**ASSIGNMENT:**
For each line below, check for the word "bounding", then state how many lines contain it, with no other output.
□ □ □ □
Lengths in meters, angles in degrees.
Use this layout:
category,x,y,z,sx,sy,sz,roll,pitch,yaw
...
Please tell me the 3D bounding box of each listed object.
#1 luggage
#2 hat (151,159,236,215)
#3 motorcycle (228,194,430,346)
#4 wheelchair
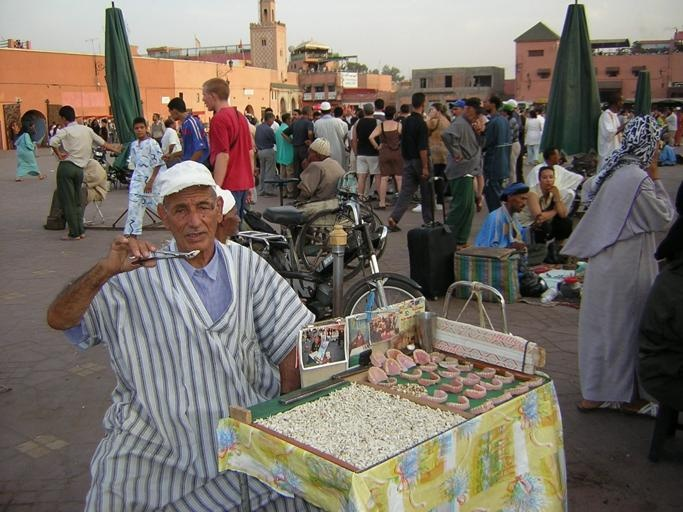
category,x,y,z,sx,sy,sz,roll,pitch,yaw
luggage,1.124,0.015,6.859,0.403,1.007,0.586,5,18,34
hat,-0.734,-0.358,2.657,0.297,0.289,0.232,-9,19,-36
motorcycle,-0.102,0.066,4.662,1.549,1.112,0.664,0,18,-26
wheelchair,-0.021,-0.235,5.881,1.127,1.385,0.936,15,19,40
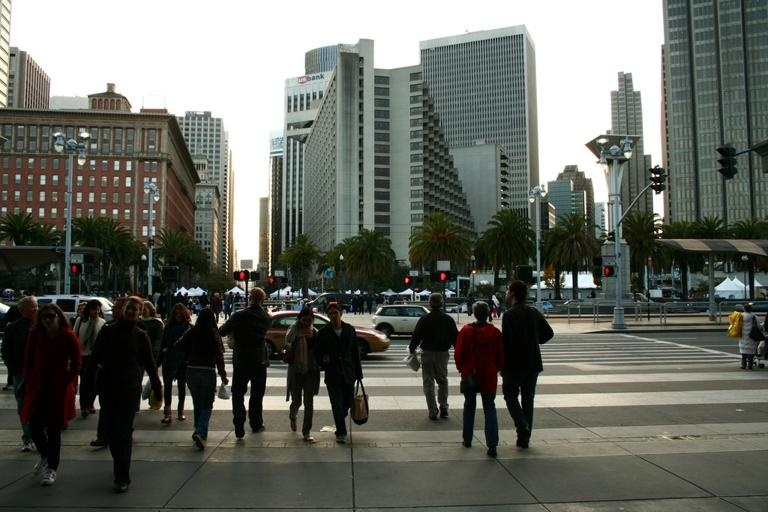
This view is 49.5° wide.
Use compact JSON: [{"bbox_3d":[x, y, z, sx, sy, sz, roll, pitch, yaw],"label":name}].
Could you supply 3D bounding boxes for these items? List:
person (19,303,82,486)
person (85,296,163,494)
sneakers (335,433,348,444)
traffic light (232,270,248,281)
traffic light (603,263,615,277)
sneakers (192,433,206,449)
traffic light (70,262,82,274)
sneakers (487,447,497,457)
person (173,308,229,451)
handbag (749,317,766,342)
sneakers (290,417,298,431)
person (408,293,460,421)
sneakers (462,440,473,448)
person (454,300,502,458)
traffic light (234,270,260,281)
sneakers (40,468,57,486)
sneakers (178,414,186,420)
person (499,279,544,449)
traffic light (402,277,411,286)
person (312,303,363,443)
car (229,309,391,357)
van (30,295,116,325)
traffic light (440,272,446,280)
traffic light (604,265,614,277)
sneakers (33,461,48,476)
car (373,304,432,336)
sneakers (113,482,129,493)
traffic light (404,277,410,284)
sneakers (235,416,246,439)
[{"bbox_3d":[-6.641,2.749,16.574,1.076,3.437,1.064,0,-9,-1],"label":"person"},{"bbox_3d":[-5.087,2.679,16.324,1.127,3.718,0.714,-1,-2,-21],"label":"person"},{"bbox_3d":[-0.926,3.962,17.970,0.182,0.201,0.450,1,2,-3],"label":"sneakers"},{"bbox_3d":[-6.915,0.950,40.354,0.811,0.788,0.452,1,-1,-31],"label":"traffic light"},{"bbox_3d":[11.271,0.727,41.351,0.815,0.832,0.455,1,-2,-16],"label":"traffic light"},{"bbox_3d":[-3.904,3.921,17.514,0.160,0.464,0.204,-5,34,5],"label":"sneakers"},{"bbox_3d":[-14.915,0.593,40.402,0.540,0.493,0.864,-1,-2,-22],"label":"traffic light"},{"bbox_3d":[2.248,4.091,17.314,0.190,0.200,0.245,-2,-2,6],"label":"sneakers"},{"bbox_3d":[-3.853,2.624,17.804,0.926,2.947,0.513,-2,-2,-14],"label":"person"},{"bbox_3d":[11.432,2.290,25.515,0.330,0.804,0.664,-7,1,13],"label":"handbag"},{"bbox_3d":[-2.001,3.756,18.459,0.114,0.349,0.230,3,40,2],"label":"sneakers"},{"bbox_3d":[1.196,2.360,19.675,1.061,2.933,1.253,-2,-2,6],"label":"person"},{"bbox_3d":[1.771,4.017,17.689,0.158,0.081,0.218,-1,-1,2],"label":"sneakers"},{"bbox_3d":[2.034,2.604,17.676,1.007,3.210,0.792,-2,-2,12],"label":"person"},{"bbox_3d":[-6.579,0.944,39.895,1.228,0.674,0.536,-1,-1,-12],"label":"traffic light"},{"bbox_3d":[-6.510,4.293,16.135,0.245,0.319,0.166,-2,-2,-16],"label":"sneakers"},{"bbox_3d":[-4.689,3.771,19.409,0.074,0.156,0.153,10,11,42],"label":"sneakers"},{"bbox_3d":[3.015,2.312,17.852,0.954,3.571,0.914,-3,-2,20],"label":"person"},{"bbox_3d":[1.207,1.426,45.420,0.510,0.504,0.554,6,5,23],"label":"traffic light"},{"bbox_3d":[-1.001,2.544,18.226,0.969,3.010,0.585,-2,-2,-5],"label":"person"},{"bbox_3d":[-1.861,2.793,27.343,3.975,1.373,1.835,-3,-2,-2],"label":"car"},{"bbox_3d":[-8.306,1.452,22.285,2.390,0.923,1.154,6,1,10],"label":"van"},{"bbox_3d":[2.642,0.911,37.385,0.314,0.324,0.076,-4,9,-13],"label":"traffic light"},{"bbox_3d":[11.124,0.685,41.230,0.545,0.500,0.431,-3,-2,15],"label":"traffic light"},{"bbox_3d":[-6.738,4.166,16.284,0.153,0.196,0.474,1,20,-6],"label":"sneakers"},{"bbox_3d":[0.813,2.759,35.805,2.477,1.202,1.503,-3,-1,3],"label":"car"},{"bbox_3d":[-5.038,4.451,15.983,0.296,0.173,0.204,-2,-2,-12],"label":"sneakers"},{"bbox_3d":[1.254,1.355,45.270,0.259,0.385,0.334,5,6,18],"label":"traffic light"},{"bbox_3d":[-3.127,3.750,18.120,0.159,0.526,0.213,-1,0,2],"label":"sneakers"}]
□ □ □ □
**REPLY:**
2